КораКорабль или тюрьма

– Из цельной сосны?

Она перелистывает описания различных гробов, откашливается так, что воздух дрожит. В саду с глухим стуком падает с дерева яблоко, обычно мы собирали их, делали варенье и мармелад, но в этом году не получилось. Много всего произошло ближе к концу, но Бриккен не видит. Мне приходится напоминать себе – шторм после того, что я сделала, бушует только внутри меня.

– Да, – отвечаю я, уткнувшись взглядом в стол. Может быть, мне следовало ответить по-другому?
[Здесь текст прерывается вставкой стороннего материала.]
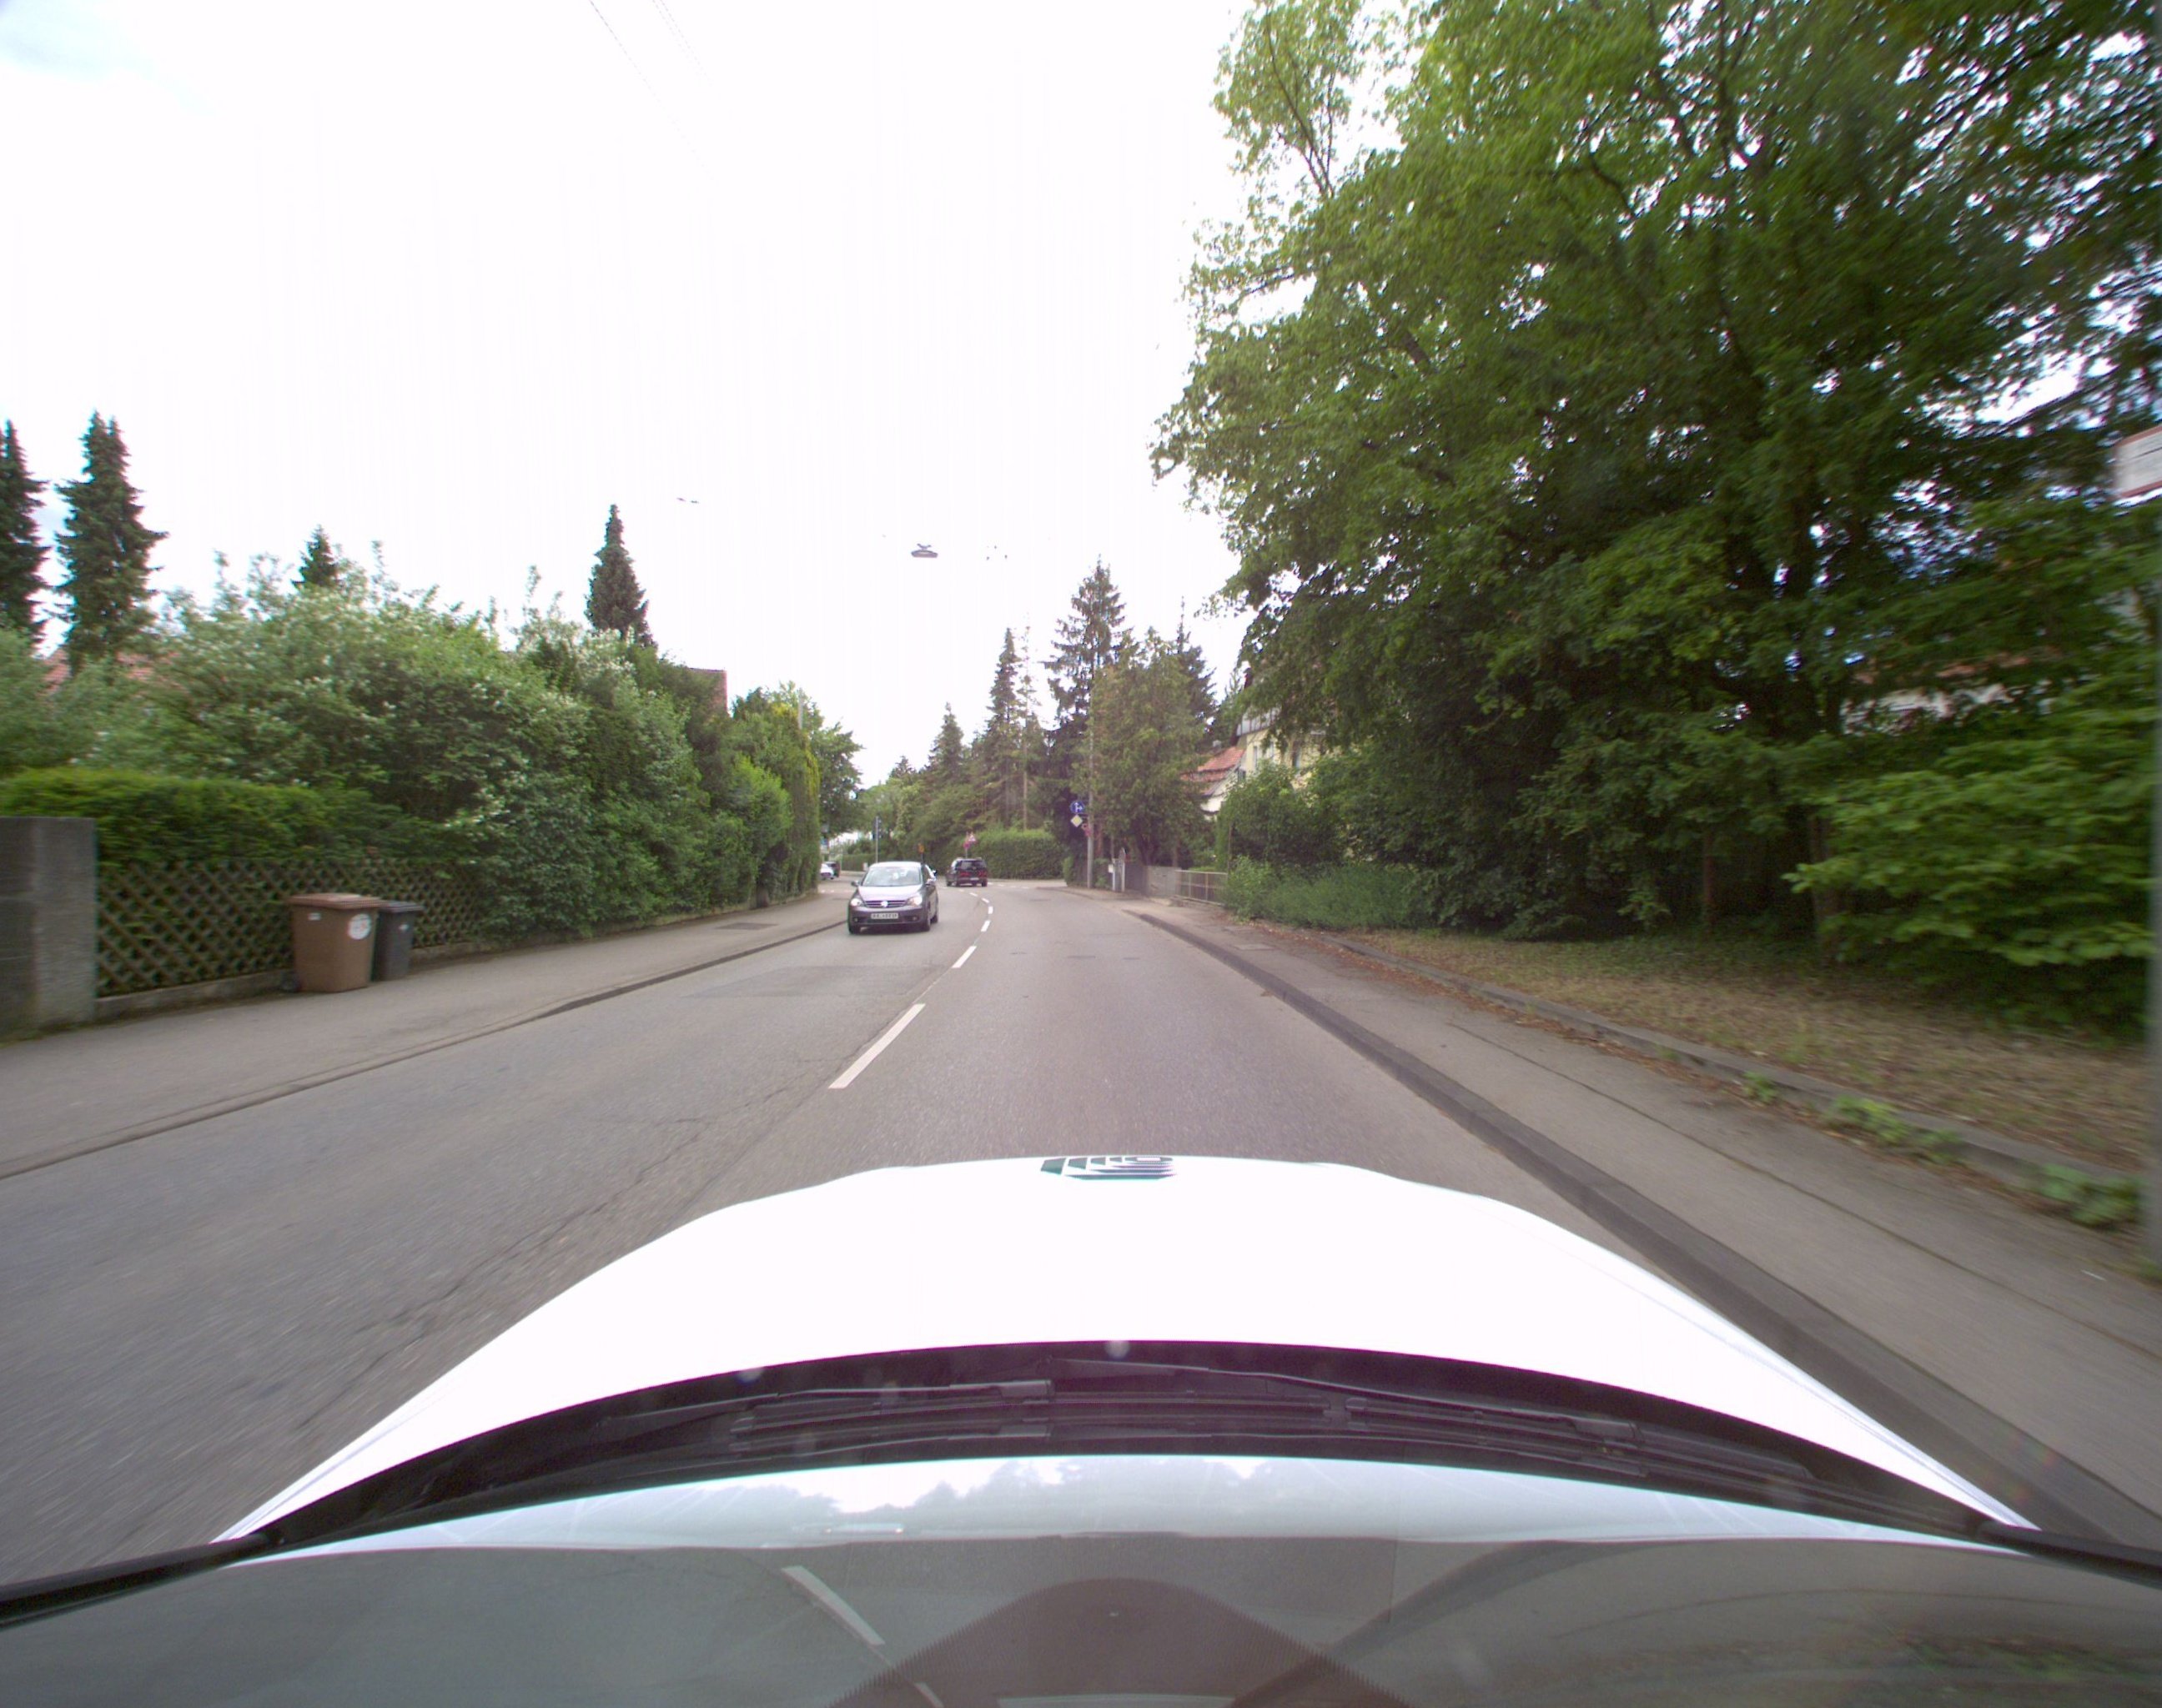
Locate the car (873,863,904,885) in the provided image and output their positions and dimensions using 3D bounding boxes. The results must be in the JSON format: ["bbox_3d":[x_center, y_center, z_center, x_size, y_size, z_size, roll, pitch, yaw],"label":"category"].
[{"bbox_3d":[-13.156,1.357,55.621,1.915,1.398,3.890,-1,0,-14],"label":"car"}]

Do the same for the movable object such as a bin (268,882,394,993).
[{"bbox_3d":[-8.316,0.911,9.058,0.739,1.141,0.646,2,-1,-3],"label":"movable object such as a bin"}]

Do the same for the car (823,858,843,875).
[{"bbox_3d":[-25.858,1.269,84.800,1.899,1.706,3.974,1,-1,-19],"label":"car"}]

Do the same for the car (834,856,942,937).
[{"bbox_3d":[-4.370,0.900,19.032,1.992,1.618,3.990,-2,0,-7],"label":"car"}]

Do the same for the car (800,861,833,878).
[{"bbox_3d":[-24.515,1.445,75.379,1.820,1.443,4.154,-1,-1,-33],"label":"car"}]

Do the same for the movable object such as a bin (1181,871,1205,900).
[{"bbox_3d":[4.109,1.158,29.868,0.775,1.048,0.782,0,-1,-1],"label":"movable object such as a bin"}]

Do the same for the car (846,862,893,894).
[{"bbox_3d":[-10.434,1.152,40.442,1.902,1.454,3.784,-2,0,-10],"label":"car"}]

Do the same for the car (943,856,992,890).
[{"bbox_3d":[-6.959,1.110,49.612,2.002,1.881,3.970,1,1,-23],"label":"car"}]

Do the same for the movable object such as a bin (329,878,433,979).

Сосна подойдет Руару, не зря у него были охотничьи сапоги и шапка. Все усыпанные хвоей тропинки принадлежали ему, он прекрасно знал, куда они ведут, где прячутся лисички, мог отыскать гнездо кроликов и поймать их голыми руками. Шкура животного на его охотничьей вышке, ворсистая наощупь, казалась такой мягкой при соприкосновении с моей голой спиной. Лес стал его королевством. Не то, чтобы это помогало – вся эта страна королевство, но титулы никого еще не спасли. Как раз сейчас Густаф VI Адольф умирает в больнице, хотя он и король.

Все может покатиться в тартарары – для кого угодно, в любой момент.

Моим проклятием стала моя трусость. Мне было лет семь-восемь, когда я поняла, что дело не только в Ливе. Это случилось, когда я поехала с отцом в Сёдерхамн – выйдя из привычного круга деревьев, тьмы, пустоты, окружавшей деревню. Кажется, он собирался поговорить с кем-то о ценах на рожь или овес. Помню, стоял погожий день, солнце пробивалось из-за белых плотных облаков. Пока мы шли по улицам, казалось, что в городе разом зазвонили все будильники, внезапно зазвучал оглушительный звон, везде люди, быстрые шаги – все куда-то спешат! Безумные глаза, наперегонки с минутной стрелкой. Громкие звуки, странный диалект, быстрая манера говорить. Рычание моторов, звук сигнальных рожков, шарканье подошв по земле. Городские люди. Я пыталась отступить в сторону, постоянно чувствуя, что путаюсь под ногами. Везде – спешащие люди, обходившие мое невзрачное существо, огибавшие меня, словно липкое пятно, к которому не хочется прикасаться. Если я упаду, меня затопчут? На тротуаре в одиночестве стоял мужчина и плакал, я не смогла отвести глаза. Казалось, всем остальным вокруг него не по себе, они избегали смотреть друг на друга, обходили его стороной, в молчаливом согласии делая вид, что его нет – ведь так себя не ведут.

Тогда я впервые увидела тень своей Овчарки – тьму, струящуюся из-за угла.

– Она нашла меня! – вырвалось у меня.

Отец подтолкнул меня впереди себя к дверям, в которые нам предстояло войти, его грубые руки спокойно лежали на моей спине.

– Вперед, малышка Кора, – сказал он мне.

Казалось, он ничего на свете не боится. Я волочила ноги по земле в надежде, что он повторит эти слова.

На обратном пути мы остановились, чтобы захватить соседского Юхана, работавшего в типографии, и подвезти его до дома.

– Папочка, пожалуйста, нет!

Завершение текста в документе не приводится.